Qin Sang first checked the price of rice in the Mall. The cheapest was 1.8 mall coins per jin, the most expensive over ten. Qin Sang figured that even the worst rice from her later times would be considered top-tier in this ancient era, something ordinary farming families simply couldn't afford.

One jin of fresh mugwort could be sold for 10 mall coins, which could buy five jin of the two-coin white rice in the Mall.

She wouldn't starve to death.

There was also bottled water, priced similarly to later times, the cheapest being five coins for five liters.

She wouldn't die of thirst either.

Qin Sang tried to converse with the system in her mind, but it remained silent and unresponsive.

Qin Sang then looked at the Mall's terms and conditions: No reselling?

So, she couldn't take modern goods from the Mall and open a supermarket in ancient times?

Fine. Her grand get-rich-quick scheme instantly evaporated.

Better to keep her feet on the ground and quickly pick more mugwort to earn mall coins.

Having the Mall as a safety net was already good enough. No point asking for the moon.

Seeing Qin Sang start working, faster and more deftly than them, Zhou Dahua became even more afraid to look up. Her heart leapt into her throat, and she didn't dare stop even when the mugwort stems scraped her palms raw.

Tian Sijin was much the same. Though young, she worked efficiently. In no time, she had a bundle behind her, looking to weigh over ten jin.

Qin Sang herself had also picked quite a bit, around five or six jin. Taking advantage of the mugwort being waist-high, she crouched down, opened the System Mall in her mind, navigated to the sell page, and sold half of the mugwort she had picked.

On the panel, her mall coins balance changed to thirty-four.

To verify how purchased items would appear, Qin Sang, still crouching, opened the buy page and spent one Mall coin on a Shumai dumpling.

After clicking 'buy,' a Shumai from a breakfast shop of her later life appeared in her palm, still warm. Qin Sang stuffed it into her mouth in one go. The savory, soft, glutinous flavor nearly made her cheer out loud.

So delicious. So nostalgic.

It tasted like home.

After verifying, Qin Sang continued picking mugwort. After the better part of an hour, the three of them had harvested the entire patch in front of them.

"Mother, let me carry that."

Zhou Dahua hurried over to take the bundle of mugwort from Qin Sang, only to find her Mother-in-law, who had been moving so deftly earlier, had only picked a small handful.

Maybe Mother-in-law got tired after picking for a while and sat down to rest.

Without overthinking it, she tried to hoist the bundle onto her own shoulder and also offered to take Si Jin's.

"Give me Si Jin's bundle. It's not much anyway." It wasn't that Qin Sang was being diligent; she needed to take Si Jin's bundle to continue selling mugwort to the Mall.

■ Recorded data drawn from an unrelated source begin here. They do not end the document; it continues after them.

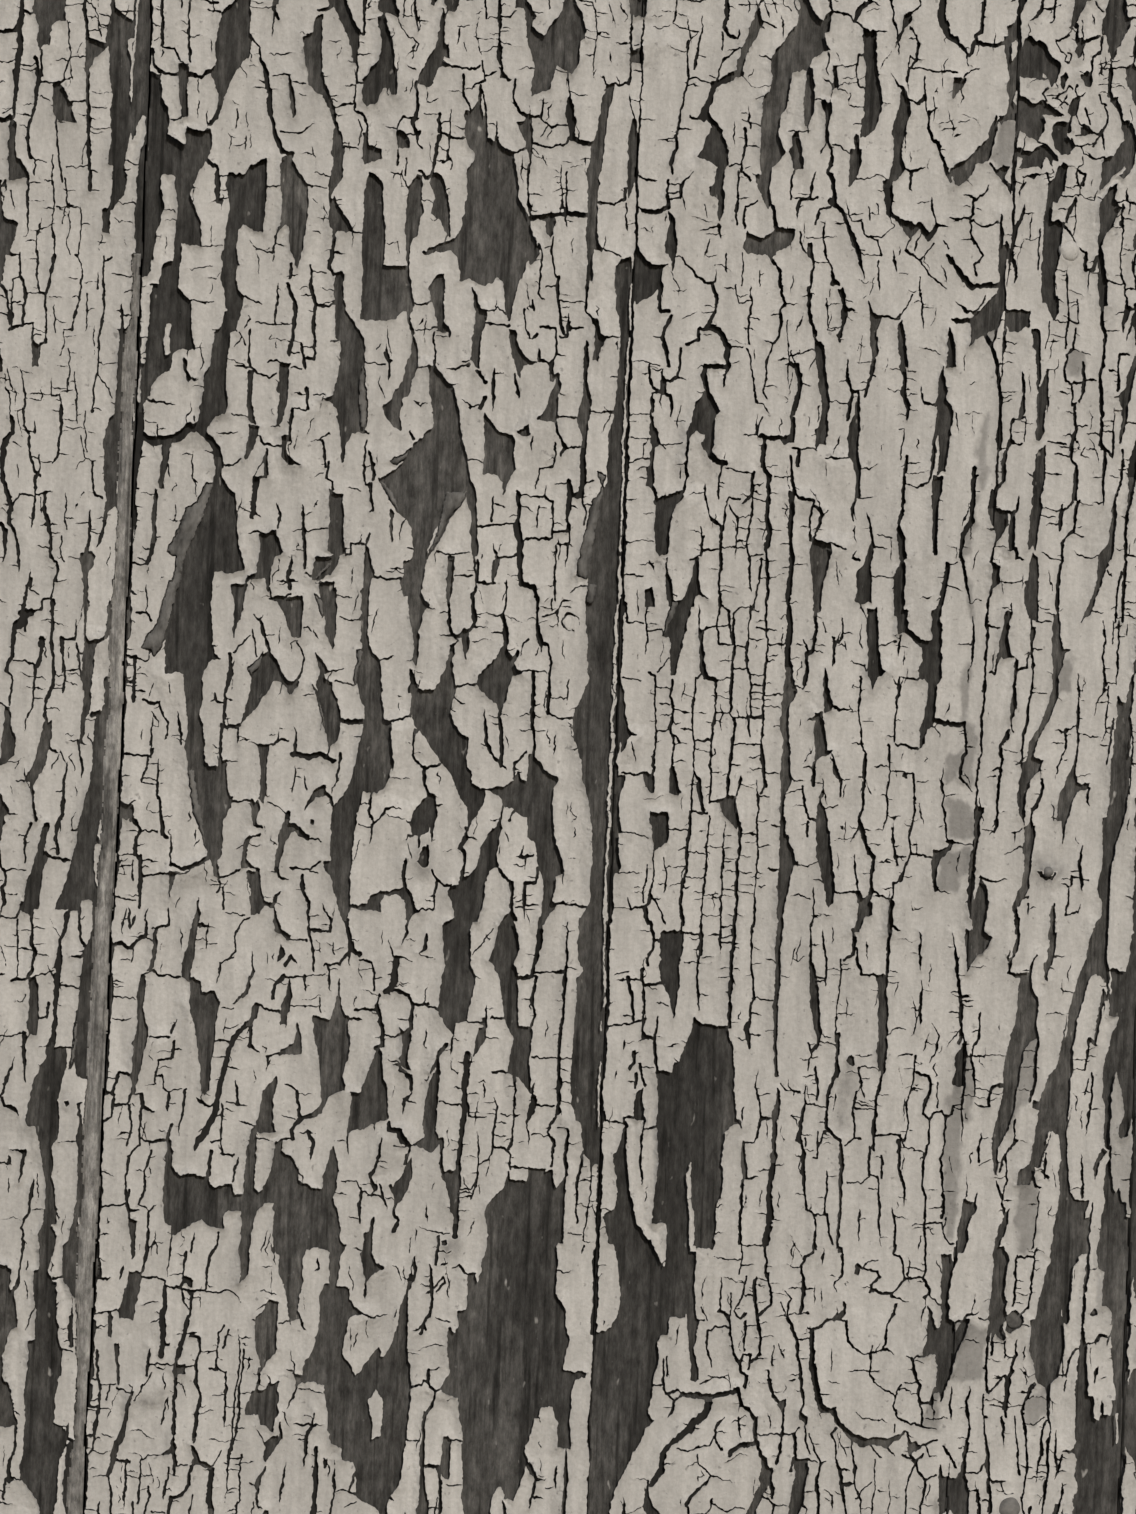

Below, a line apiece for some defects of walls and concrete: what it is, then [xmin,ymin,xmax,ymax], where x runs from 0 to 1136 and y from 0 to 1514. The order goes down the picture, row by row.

peeling [0,0,20,30]
crack [0,0,142,730]
peeling [520,495,552,540]
crack [151,0,1136,1085]
peeling [717,499,767,685]
peeling [730,646,763,717]
crack [0,733,85,1116]
crack [86,340,628,1514]
peeling [686,713,763,937]
crack [1,1149,66,1330]
crack [638,864,1131,1514]
peeling [903,1073,929,1152]

In just this short while, her mall coins balance had already reached eighty-seven.

She felt uncomfortable not rounding it up to a nice number.

Before Tian Sijin could even voice her refusal, Qin Sang had already slung that bundle of mugwort over her own shoulder.

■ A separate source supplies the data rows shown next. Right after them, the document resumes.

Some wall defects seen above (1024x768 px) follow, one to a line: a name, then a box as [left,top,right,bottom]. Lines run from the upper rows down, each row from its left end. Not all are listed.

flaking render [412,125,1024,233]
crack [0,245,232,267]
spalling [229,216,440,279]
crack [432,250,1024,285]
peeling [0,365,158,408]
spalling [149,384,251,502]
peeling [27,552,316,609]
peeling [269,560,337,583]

"You two hurry back home to start cooking. Your mother is hungry."

Zhou Dahua still wanted to say something, but this order shut her up. She rushed home with Tian Sijin in tow. If Mother was hungry and in a bad mood, she would beat and scold them.

Qin Sang was happy to follow behind at a leisurely pace.

By the time Qin Sang had rounded up her coins and returned home, she unexpectedly ran right into Eldest Brother and Third Brother at the courtyard gate.

Not seeing the others, Qin Sang asked curiously:

"Da Zhuang, where's Eldest Girl? Why haven't you brought her back yet? Still worried I'm going to sell her?"